■ **Data for processing**
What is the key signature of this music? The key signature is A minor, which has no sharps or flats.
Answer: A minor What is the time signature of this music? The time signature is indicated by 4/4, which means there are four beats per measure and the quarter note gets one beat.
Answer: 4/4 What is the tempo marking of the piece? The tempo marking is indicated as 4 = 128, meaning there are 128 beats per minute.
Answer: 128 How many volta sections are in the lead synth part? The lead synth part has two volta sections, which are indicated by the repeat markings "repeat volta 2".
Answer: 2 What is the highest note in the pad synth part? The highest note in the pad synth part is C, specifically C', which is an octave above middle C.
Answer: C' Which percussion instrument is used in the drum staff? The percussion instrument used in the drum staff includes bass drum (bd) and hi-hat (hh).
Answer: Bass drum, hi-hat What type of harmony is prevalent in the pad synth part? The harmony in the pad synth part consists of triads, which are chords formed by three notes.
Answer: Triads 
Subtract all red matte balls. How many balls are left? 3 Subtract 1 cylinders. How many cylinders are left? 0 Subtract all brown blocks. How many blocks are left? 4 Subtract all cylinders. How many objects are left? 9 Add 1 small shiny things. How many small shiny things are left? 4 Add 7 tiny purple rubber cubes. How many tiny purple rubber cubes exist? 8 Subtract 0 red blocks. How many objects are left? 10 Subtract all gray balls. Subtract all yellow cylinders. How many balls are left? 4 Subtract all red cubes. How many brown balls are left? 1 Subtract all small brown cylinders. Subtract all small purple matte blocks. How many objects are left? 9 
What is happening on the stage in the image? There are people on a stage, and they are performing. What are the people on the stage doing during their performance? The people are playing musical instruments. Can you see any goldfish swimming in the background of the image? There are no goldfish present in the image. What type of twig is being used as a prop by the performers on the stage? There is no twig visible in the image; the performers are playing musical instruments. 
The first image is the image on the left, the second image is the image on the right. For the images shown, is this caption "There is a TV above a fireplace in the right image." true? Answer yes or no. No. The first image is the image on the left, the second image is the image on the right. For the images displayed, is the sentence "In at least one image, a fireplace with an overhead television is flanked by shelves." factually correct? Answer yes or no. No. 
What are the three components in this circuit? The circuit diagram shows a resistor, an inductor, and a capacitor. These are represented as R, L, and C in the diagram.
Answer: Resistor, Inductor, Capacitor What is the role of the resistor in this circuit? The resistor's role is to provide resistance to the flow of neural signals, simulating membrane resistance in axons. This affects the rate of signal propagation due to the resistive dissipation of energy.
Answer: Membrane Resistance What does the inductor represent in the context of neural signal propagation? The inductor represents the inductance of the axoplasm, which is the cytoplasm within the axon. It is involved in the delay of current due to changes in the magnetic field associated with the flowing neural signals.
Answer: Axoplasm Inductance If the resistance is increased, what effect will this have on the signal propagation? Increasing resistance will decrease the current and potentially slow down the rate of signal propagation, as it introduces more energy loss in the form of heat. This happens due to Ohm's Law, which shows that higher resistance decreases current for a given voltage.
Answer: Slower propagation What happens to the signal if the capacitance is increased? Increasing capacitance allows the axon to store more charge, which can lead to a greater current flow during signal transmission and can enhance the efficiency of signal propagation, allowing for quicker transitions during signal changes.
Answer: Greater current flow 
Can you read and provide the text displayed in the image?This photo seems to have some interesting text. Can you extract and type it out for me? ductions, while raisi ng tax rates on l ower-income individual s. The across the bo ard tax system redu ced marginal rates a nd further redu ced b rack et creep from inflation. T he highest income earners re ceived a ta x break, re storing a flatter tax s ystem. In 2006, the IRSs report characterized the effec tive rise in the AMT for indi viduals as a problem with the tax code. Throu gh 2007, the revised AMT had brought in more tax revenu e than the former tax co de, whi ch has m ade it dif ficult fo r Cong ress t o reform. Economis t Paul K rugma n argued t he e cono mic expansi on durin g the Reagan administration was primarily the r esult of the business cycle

■ **Work required**
Throughout the material above, find every line holding "Increasing" and copy it.

■ **Finished task**
Answer: Axoplasm Inductance If the resistance is increased, what effect will this have on the signal propagation? Increasing resistance will decrease the current and potentially slow down the rate of signal propagation, as it introduces more energy loss in the form of heat. This happens due to Ohm's Law, which shows that higher resistance decreases current for a given voltage.
Answer: Slower propagation What happens to the signal if the capacitance is increased? Increasing capacitance allows the axon to store more charge, which can lead to a greater current flow during signal transmission and can enhance the efficiency of signal propagation, allowing for quicker transitions during signal changes.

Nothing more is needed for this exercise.